48:12 It's just a bookmark that I've got.

48:14 It's actually super useful.

48:17 Super cool.

48:18 Now, how do you get a map of where your dog is from Twitter?

48:21 So that one, I mentioned I use Foursquare Swarm and I check in places.

48:24 Every time the dog's with me, I use the wolf emoji in the check-in message, which looks a little bit like her.

48:30 And it turns out SQL does emoji these days.

48:33 So you can run a SQL query where you look for things like percentage wolf emoji percentage.

48:38 Right.

48:38 It's just a character that's unique.

48:40 Exactly.

48:40 So then you get back the check-ins where my dog was there.

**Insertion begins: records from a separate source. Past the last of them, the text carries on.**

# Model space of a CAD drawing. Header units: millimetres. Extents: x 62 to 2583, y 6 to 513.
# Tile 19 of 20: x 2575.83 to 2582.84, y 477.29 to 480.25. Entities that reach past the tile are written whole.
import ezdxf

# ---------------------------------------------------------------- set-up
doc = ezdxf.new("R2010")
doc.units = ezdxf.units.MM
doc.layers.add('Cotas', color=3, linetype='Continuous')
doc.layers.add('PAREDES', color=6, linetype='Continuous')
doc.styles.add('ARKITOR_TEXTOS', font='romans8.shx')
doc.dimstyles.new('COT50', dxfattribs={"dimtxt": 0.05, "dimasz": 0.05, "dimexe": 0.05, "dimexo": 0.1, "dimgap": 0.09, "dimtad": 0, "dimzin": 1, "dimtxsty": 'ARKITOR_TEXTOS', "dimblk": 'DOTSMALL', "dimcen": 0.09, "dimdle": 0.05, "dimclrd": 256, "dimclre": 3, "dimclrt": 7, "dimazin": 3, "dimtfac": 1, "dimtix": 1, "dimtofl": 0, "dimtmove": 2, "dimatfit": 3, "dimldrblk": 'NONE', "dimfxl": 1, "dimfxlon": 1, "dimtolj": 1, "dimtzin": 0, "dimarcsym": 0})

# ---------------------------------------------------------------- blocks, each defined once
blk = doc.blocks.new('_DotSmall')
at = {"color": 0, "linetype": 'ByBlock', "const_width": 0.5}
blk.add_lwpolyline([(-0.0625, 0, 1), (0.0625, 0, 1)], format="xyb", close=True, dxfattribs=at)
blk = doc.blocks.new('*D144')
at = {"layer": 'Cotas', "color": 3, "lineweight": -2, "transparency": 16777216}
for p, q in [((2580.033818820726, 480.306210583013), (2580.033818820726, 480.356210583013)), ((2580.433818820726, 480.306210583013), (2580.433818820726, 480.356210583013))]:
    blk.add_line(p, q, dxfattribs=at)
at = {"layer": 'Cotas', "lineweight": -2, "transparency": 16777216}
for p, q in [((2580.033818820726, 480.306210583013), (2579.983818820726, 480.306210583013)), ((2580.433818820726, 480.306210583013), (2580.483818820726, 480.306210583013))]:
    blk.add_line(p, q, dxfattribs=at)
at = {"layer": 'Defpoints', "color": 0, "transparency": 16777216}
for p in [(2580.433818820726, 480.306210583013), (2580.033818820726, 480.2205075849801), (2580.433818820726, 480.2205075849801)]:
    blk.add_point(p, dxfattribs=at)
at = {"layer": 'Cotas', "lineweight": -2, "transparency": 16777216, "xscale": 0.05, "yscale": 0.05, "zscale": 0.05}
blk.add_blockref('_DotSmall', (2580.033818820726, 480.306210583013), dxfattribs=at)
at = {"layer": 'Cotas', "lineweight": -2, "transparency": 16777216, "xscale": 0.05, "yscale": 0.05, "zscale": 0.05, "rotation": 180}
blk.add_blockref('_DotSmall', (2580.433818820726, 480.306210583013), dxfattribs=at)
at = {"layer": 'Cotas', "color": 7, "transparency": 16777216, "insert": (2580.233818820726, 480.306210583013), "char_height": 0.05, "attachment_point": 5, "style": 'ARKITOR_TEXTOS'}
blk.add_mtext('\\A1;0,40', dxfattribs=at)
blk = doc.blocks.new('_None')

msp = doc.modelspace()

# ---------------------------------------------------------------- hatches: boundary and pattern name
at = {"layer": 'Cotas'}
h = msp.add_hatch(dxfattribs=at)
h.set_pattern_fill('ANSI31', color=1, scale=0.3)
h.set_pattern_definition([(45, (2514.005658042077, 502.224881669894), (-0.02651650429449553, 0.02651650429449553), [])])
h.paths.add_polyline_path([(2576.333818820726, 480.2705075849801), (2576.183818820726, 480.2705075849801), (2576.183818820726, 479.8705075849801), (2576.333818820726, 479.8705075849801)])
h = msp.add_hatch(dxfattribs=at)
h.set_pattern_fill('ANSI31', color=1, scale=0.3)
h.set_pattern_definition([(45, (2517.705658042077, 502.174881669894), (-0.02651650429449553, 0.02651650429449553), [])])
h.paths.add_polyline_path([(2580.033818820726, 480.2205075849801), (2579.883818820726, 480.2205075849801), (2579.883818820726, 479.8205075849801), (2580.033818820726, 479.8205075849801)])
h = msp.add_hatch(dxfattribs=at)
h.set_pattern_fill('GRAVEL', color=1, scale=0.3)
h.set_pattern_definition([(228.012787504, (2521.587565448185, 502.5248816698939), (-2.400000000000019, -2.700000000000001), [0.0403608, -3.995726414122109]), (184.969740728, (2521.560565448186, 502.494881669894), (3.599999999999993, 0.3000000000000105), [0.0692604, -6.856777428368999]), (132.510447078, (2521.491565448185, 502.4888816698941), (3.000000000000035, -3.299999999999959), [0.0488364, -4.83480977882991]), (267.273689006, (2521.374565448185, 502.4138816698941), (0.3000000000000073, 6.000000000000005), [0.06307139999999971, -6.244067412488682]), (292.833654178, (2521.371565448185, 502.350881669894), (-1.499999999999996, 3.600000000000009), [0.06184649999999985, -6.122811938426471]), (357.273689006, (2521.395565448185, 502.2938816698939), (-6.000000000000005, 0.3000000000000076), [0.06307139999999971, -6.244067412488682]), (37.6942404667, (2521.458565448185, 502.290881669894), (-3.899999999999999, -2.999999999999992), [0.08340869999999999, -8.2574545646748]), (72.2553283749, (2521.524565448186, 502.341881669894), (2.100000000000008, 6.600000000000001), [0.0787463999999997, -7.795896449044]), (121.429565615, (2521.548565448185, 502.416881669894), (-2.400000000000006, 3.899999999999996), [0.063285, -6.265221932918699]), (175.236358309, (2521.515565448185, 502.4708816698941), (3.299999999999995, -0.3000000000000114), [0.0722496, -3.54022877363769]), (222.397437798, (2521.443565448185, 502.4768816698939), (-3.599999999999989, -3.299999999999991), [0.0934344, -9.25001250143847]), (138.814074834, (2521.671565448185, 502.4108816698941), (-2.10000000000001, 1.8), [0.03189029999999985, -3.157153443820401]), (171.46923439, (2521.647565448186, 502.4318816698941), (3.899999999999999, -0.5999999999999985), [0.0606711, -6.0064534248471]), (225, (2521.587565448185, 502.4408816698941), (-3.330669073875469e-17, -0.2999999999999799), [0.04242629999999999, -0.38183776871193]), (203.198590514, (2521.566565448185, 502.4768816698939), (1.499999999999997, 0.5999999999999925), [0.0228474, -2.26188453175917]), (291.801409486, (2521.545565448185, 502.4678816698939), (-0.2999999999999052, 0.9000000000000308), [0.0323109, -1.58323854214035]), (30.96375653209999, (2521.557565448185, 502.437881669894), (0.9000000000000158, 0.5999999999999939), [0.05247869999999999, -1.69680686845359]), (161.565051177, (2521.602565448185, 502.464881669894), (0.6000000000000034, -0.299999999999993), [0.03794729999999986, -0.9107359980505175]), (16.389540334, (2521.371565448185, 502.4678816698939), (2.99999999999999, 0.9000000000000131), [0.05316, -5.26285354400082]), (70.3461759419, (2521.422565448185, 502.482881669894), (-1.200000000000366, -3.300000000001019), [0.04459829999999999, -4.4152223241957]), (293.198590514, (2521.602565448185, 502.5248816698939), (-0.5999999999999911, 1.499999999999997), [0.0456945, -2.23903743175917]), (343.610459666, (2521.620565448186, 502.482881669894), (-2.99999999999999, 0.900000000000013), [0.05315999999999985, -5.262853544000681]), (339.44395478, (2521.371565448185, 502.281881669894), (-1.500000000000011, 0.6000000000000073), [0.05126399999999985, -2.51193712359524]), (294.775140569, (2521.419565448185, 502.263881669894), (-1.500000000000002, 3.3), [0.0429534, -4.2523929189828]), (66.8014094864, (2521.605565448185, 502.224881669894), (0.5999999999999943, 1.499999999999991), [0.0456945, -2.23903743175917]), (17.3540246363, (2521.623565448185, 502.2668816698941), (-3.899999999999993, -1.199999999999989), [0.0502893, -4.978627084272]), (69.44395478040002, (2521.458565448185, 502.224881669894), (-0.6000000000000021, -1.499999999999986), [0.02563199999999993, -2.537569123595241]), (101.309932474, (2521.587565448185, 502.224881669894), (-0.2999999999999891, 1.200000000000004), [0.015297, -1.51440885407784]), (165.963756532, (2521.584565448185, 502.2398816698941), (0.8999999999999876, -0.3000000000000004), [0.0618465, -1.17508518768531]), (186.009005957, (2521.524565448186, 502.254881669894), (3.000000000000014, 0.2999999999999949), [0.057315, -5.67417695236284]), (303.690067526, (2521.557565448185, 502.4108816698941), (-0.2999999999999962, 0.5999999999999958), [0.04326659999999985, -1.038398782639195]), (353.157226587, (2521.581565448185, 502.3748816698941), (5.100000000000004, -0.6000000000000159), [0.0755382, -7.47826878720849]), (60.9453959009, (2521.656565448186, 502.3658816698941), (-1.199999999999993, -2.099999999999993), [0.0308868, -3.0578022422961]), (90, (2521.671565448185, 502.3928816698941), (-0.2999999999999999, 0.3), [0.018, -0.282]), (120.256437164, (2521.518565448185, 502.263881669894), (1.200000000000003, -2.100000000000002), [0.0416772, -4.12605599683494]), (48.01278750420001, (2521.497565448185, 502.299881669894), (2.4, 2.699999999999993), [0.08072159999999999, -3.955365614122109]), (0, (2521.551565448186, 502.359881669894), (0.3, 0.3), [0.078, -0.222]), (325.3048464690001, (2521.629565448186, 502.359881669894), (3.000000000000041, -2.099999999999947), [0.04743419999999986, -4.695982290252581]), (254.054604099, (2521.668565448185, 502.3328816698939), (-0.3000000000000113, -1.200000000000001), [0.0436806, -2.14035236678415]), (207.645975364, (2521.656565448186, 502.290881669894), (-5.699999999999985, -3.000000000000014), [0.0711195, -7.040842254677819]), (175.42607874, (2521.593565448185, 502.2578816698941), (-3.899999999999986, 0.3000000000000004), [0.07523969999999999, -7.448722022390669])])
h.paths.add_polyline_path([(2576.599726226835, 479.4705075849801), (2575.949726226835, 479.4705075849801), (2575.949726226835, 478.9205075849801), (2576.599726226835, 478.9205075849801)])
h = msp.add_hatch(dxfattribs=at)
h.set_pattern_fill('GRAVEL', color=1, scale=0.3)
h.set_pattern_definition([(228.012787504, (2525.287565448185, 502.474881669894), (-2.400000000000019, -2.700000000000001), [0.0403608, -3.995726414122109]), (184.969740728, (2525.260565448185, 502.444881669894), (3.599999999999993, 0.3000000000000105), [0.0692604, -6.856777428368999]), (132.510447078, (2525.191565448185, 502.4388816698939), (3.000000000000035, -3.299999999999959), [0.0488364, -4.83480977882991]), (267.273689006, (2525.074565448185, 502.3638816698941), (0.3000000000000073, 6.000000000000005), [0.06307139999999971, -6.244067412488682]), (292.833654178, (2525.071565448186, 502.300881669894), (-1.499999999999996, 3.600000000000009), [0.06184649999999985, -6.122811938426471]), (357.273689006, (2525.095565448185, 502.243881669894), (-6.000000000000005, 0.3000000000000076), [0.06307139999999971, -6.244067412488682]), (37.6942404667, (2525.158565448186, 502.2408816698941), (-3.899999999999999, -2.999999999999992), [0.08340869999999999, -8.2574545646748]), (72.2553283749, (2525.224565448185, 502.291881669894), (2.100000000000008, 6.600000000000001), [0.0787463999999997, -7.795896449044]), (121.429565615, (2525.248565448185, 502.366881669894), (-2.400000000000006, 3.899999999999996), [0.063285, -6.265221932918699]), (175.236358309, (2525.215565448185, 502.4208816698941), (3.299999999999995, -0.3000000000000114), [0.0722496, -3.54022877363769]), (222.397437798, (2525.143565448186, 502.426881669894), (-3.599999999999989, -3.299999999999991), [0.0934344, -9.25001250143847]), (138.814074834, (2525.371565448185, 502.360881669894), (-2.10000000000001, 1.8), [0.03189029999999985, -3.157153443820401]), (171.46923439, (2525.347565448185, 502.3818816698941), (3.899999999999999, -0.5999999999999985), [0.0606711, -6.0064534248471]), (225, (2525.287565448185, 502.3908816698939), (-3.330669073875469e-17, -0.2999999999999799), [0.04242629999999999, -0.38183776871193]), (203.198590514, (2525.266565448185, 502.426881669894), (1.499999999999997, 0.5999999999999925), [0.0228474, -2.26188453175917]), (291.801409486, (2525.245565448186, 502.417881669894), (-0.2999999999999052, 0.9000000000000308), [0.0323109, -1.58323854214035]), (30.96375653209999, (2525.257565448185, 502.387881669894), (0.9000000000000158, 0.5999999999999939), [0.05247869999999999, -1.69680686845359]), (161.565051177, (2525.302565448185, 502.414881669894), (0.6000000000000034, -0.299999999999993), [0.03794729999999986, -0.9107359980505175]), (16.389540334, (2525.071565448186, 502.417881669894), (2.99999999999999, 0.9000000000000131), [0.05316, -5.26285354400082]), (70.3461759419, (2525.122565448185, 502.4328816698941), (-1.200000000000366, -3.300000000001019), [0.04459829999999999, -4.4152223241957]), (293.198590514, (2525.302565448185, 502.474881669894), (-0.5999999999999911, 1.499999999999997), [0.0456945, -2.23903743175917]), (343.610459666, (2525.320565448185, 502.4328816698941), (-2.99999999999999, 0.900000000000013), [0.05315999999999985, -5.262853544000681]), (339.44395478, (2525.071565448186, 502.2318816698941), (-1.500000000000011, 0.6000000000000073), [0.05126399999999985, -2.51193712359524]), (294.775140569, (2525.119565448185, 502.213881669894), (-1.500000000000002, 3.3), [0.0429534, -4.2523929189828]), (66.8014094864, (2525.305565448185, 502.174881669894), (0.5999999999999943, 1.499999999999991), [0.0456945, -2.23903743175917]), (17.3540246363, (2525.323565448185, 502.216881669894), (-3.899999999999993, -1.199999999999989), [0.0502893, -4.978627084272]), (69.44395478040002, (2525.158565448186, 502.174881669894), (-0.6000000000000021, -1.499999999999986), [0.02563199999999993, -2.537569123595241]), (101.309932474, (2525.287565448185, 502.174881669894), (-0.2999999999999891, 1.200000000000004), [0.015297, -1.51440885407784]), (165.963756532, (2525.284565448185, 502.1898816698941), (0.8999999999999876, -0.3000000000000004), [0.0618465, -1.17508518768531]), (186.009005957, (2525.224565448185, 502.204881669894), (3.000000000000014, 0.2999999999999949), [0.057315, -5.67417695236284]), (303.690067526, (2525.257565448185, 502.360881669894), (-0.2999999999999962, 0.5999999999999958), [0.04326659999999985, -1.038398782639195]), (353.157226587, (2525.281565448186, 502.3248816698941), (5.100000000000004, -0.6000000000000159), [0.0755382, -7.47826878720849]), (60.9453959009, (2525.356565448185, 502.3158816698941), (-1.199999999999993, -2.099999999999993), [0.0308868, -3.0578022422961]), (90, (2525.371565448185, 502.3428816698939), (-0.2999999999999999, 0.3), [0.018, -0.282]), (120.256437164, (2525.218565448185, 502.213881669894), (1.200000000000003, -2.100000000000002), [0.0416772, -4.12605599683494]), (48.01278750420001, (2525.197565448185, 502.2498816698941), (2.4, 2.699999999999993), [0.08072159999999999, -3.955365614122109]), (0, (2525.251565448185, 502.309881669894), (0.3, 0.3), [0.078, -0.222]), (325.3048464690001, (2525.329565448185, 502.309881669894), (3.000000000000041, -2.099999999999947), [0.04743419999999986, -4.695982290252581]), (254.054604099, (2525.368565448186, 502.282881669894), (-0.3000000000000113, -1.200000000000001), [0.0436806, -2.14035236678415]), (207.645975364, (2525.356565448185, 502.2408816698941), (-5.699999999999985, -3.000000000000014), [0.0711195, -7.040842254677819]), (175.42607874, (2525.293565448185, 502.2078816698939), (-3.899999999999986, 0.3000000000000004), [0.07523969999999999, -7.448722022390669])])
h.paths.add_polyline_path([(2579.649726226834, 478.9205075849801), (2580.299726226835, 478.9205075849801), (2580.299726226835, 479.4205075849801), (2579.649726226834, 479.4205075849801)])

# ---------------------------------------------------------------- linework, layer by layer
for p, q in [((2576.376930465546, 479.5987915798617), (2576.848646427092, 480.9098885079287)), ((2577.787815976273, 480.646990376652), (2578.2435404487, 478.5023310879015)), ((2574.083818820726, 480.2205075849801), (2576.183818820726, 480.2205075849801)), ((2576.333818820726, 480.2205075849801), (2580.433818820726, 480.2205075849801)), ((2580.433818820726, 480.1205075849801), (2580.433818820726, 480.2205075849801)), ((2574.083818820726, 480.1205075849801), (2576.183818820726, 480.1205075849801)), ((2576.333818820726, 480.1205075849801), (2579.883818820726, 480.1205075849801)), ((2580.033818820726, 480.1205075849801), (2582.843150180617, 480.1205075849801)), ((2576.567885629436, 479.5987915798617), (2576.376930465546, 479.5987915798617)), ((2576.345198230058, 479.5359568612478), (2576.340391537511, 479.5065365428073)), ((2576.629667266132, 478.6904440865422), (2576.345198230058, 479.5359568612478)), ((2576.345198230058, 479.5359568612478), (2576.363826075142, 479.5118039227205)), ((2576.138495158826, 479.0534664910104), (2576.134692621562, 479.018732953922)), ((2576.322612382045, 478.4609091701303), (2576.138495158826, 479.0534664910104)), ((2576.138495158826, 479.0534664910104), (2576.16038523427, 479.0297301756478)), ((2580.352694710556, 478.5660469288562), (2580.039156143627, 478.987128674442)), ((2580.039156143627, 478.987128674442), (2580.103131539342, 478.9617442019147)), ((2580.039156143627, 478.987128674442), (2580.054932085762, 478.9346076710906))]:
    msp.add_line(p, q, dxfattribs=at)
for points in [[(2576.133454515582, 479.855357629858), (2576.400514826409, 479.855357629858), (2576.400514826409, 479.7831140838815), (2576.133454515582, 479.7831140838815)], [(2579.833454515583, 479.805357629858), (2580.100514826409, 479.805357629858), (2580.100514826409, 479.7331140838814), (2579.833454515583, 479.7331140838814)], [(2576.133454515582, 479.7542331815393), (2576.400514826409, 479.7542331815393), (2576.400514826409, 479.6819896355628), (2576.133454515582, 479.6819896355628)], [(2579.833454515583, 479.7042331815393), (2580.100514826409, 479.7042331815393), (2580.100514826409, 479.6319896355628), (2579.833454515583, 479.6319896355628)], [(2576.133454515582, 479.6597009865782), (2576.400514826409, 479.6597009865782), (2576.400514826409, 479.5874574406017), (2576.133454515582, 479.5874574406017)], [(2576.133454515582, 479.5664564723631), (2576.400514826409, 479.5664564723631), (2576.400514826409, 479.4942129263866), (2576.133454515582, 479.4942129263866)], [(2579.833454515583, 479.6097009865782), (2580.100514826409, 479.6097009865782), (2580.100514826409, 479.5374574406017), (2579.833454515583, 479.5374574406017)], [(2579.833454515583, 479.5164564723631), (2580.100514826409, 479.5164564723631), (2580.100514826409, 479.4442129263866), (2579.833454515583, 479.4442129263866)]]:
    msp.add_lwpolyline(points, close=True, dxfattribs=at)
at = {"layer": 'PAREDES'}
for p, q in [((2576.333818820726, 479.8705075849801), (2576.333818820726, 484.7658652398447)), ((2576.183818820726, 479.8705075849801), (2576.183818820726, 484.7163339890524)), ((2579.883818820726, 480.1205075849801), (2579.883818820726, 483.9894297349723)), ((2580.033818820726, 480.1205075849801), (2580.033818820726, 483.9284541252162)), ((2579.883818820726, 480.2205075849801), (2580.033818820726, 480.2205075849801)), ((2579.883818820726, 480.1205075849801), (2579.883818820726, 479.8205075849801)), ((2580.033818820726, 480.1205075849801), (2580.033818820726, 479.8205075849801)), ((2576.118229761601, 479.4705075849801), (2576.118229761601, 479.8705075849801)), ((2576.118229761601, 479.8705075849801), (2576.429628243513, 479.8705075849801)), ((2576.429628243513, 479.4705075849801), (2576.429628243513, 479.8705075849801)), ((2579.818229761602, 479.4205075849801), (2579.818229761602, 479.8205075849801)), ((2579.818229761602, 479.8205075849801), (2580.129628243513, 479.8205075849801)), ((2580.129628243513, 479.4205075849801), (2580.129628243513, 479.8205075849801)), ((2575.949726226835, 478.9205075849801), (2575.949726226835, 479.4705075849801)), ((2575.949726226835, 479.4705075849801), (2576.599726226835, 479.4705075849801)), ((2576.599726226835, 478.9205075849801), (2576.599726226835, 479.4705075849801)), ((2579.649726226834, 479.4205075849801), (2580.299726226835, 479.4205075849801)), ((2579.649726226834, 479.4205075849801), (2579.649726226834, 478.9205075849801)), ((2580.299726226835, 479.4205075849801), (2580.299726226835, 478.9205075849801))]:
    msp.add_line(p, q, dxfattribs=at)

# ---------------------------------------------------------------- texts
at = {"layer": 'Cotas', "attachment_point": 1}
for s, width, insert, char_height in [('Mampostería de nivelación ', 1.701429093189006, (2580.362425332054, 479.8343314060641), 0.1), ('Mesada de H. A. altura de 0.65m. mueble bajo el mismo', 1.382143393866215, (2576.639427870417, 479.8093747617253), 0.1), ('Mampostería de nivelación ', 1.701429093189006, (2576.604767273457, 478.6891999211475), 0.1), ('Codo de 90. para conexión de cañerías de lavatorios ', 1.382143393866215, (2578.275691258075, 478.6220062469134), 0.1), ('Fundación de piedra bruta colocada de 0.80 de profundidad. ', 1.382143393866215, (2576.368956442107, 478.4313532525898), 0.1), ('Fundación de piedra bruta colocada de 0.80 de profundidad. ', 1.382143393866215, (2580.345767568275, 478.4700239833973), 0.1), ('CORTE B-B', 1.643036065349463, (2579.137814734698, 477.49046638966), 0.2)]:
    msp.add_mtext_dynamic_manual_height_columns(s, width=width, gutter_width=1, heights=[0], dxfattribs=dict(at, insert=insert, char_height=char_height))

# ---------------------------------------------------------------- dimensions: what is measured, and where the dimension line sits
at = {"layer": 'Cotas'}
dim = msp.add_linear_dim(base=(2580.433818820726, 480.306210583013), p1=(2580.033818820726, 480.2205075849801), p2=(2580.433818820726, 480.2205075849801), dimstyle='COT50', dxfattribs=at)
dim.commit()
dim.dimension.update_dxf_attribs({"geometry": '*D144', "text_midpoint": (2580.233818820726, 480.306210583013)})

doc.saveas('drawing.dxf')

48:44 And then because I've got a latitude and longitude in that query, I get them on a map.

48:48 So I've got a map of places my dog likes to go based on the wolf emoji in my swarm check-ins.

48:54 And again, it's just a bookmark.

48:55 It's these custom applications that's a bookmark.

48:58 I think those two examples really bring home the unexpected power of what you kind of unleash when you get this stuff.

49:04 Completely.

49:04 There's a project I should mention that relates to this.

49:07 So I've been writing a lot of these tools that create SQLite databases.

49:10 All of these dog sheep tools pull something from somewhere and turn it into SQLite.

49:14 And the way I do that is using a Python library that I've been building called SQLite hyphen utils.

49:20 SQLite utils is a bunch of utility functions to make it really productive to create new SQLite databases.

49:26 So the core idea is, say you've got array of JSON objects.

49:30 You can say dot insert bracket array of JSON objects.

49:33 And it will create a SQLite table with the schema that's needed to match those JSON objects.

49:38 Wow.

49:39 So it just looks and says, these are the top level keys.

49:41 So we're going to make those columns, something like that.

49:43 These ones are integers.

49:44 These ones float.

49:44 This is a text.

49:45 And it creates the table automatically.

49:48 Which means if you're working with an API that's well designed, like the GitHub API returns lists of JSON objects.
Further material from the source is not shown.